In another study, 21,805 asymptomatic patients received iFOBT based on one stool sample collected by patients following the kit instructions on the day of or the day before the colonoscopy. Stool samples were analyzed using the Magstream 1,000/Hem SP automated system (from Fujirebio Incorporated, Tokyo, Japan), which is based on the HemeSelect system (from Beckman Coulter, Palo Alto, California). Sensitivity and specificity based on subsequent colonoscopy were, respectively, 65.8% and 94.6% for cancer and 27.1% and 95.1% for advanced neoplasm.
Fecal immunochemical tests may vary with regard to numbers of stools tested and cut-off values for a positive result.[30,31,32]
A systematic review to evaluate the comparative diagnostic performance of gFOBT and iFOBT in the context of a decision to introduce screening for CRC in the United Kingdom, included 33 studies evaluating gFOBT and 35 studies evaluating iFOBT, including nine that evaluated both gFOBT and iFOBT. There was no clear evidence for superiority of either gFOBT or iFOBT. Sensitivities for the detection of all neoplasms ranged from 6.2% (specificity 98%) to 83.3% (specificity 98.4%) for gFOBTs and 5.4% (specificity 98.5%) to 62.6% (specificity 94.3%) for iFOBT. Increasing sensitivity entailed adjusting cut-points to decrease specificity. Sensitivities were higher for the detection of CRC and lower for adenomas.
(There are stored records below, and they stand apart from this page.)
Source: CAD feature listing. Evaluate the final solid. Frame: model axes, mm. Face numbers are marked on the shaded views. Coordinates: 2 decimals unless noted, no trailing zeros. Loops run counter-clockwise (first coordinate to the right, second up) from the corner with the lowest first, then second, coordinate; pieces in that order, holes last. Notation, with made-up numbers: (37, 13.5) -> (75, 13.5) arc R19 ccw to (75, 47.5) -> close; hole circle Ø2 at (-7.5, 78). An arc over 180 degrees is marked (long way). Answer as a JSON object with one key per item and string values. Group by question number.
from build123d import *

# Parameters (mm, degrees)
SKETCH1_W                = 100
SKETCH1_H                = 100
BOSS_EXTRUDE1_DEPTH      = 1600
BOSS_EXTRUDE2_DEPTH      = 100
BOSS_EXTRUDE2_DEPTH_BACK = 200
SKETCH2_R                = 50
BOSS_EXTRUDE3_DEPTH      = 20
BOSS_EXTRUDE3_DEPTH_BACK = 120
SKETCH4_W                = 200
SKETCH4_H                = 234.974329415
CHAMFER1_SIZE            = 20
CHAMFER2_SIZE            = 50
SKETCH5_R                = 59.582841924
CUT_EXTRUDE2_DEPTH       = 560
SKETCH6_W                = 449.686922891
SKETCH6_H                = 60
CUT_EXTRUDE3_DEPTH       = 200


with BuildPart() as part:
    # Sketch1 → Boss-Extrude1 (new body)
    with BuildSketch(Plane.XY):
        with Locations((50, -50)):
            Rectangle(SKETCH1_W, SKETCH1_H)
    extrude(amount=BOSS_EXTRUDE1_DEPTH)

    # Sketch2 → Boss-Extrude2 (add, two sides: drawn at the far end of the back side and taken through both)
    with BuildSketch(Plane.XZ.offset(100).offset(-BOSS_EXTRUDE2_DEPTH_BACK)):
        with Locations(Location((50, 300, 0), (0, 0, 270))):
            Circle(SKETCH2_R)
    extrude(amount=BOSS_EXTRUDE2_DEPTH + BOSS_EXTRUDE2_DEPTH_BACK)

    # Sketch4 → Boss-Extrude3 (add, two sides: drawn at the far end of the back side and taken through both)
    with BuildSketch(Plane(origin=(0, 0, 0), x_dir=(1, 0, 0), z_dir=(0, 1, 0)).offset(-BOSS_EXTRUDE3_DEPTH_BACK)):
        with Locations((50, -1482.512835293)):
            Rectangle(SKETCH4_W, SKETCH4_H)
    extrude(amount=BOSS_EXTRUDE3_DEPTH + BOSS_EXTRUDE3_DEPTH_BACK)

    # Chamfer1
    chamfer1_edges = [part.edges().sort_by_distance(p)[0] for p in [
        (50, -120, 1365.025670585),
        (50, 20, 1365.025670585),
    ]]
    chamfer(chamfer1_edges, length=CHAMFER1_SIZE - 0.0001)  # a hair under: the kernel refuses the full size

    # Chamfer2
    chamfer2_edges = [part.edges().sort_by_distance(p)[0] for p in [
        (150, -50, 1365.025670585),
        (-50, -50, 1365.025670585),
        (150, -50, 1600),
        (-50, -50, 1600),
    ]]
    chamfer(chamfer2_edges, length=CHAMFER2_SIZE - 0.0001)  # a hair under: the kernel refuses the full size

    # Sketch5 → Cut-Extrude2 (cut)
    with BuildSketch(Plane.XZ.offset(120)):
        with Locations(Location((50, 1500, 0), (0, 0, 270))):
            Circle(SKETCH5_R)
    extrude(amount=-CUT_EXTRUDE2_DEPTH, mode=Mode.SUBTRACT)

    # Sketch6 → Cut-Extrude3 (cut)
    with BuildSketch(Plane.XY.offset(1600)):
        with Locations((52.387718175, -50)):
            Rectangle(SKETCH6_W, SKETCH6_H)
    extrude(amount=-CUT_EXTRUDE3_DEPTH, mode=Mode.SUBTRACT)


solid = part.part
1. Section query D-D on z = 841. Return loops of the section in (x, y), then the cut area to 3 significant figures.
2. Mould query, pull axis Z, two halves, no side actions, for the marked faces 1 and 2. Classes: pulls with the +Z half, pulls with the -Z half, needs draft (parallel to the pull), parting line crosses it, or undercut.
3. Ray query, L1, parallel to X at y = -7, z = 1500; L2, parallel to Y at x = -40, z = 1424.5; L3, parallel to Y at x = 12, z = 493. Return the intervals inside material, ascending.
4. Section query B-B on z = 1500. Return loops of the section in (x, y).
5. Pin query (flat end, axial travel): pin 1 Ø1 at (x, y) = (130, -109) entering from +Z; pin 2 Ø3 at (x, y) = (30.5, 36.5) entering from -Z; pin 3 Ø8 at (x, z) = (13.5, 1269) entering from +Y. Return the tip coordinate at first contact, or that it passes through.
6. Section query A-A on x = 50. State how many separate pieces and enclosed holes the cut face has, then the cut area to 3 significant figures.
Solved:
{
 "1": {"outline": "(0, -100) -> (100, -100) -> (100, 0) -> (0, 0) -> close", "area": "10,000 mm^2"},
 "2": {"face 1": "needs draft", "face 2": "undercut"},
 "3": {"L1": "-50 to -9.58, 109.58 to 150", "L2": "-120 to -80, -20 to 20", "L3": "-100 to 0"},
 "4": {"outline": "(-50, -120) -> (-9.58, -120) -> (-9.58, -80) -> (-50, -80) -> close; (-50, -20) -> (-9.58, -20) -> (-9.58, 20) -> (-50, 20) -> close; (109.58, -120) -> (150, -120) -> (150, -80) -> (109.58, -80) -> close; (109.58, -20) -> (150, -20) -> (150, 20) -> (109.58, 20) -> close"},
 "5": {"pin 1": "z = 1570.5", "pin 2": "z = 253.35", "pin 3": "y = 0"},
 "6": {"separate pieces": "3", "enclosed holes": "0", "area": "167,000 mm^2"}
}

Some studies have utilized the quantitative ability of iFOBT to consider detection and specificity at various test cut-points for defining a positive test. One study  found that reducing the cut-point from the standard 100 ng/mL to 50 ng/mL increased the detection of advanced adenomas but had little impact on the detection of cancer. The number of colonoscopies required to detect a single advanced adenoma or cancer increased from 1.9 to 2.3; a 20% increase. Specificity declined from 97.8% to 96%.
Potential false-positive test results due to an increased risk of upper GI bleeding are of concern with FOBT testing and pretest protocols, therefore; low-dose aspirin regimens should be discontinued for a week or more prior to FOBT. The performance of iFOBT was tested in an ongoing diagnostic study (2005-2009) at 20 internal medicine GI practices in southern Germany. Nineteen hundred seventy-nine patients (233 regular low-dose aspirin users and 1,746 never users) were identified in the records for inclusion in the analysis. All patients provided one stool sample taken within a week before colonoscopy preparation, which was collected according to instructions in a container that was kept refrigerated or frozen until rendered to the clinic on the day of colonoscopy, and the patients agreed to complete a standard questionnaire regarding the use of analgesics and low-dose aspirin (for prevention of cardiovascular disease). Stool samples were thawed within a median of 4 days after arrival at the central laboratory (shipped frozen from the recipient clinics). Fecal occult blood levels were measured by two automated iFOBT tests according to the manufacturer's instructions (RIDASCREEN Haemoglobin and RIDASCREEN Haemo-/Haptoglobin Complex, r-biopharm, Bensheim, Germany) following clinical procedures and blinded to colonoscopy results. Advanced neoplasms were found in 24 aspirin users (10.3%) and in 181 nonusers (10.4%). At the cut-point recommended by the manufacturer, sensitivities for the two tests were 70.8% (95% CI, 48.9%-87.4%) for users compared with 35.9% (95% CI, 28.9%-43.4%) for nonusers and 58.3% (95% CI, 36.6%-77.9%) for users compared with 32% (95% CI, 25.3%-39.4%) for nonusers (P = .001 and P = .01, respectively). Specificities were 85.7% (95% CI, 80.2-90.1%) for users compared with 89.2% (95% CI, 87.6%-90.7%) for nonusers and 85.7% (95% CI, 80.2%-90.1%) for users compared with 91.1% (95% CI, 89.5%-92.4%) for nonusers (P = .13 and P = .01, respectively). For these iFOBTs, sensitivity for advanced neoplasms was notably higher with the use of low-dose aspirin while specificity was only slightly reduced, suggesting that there might be an advantage to aspirin use to increase sensitivity without much decrease in specificity.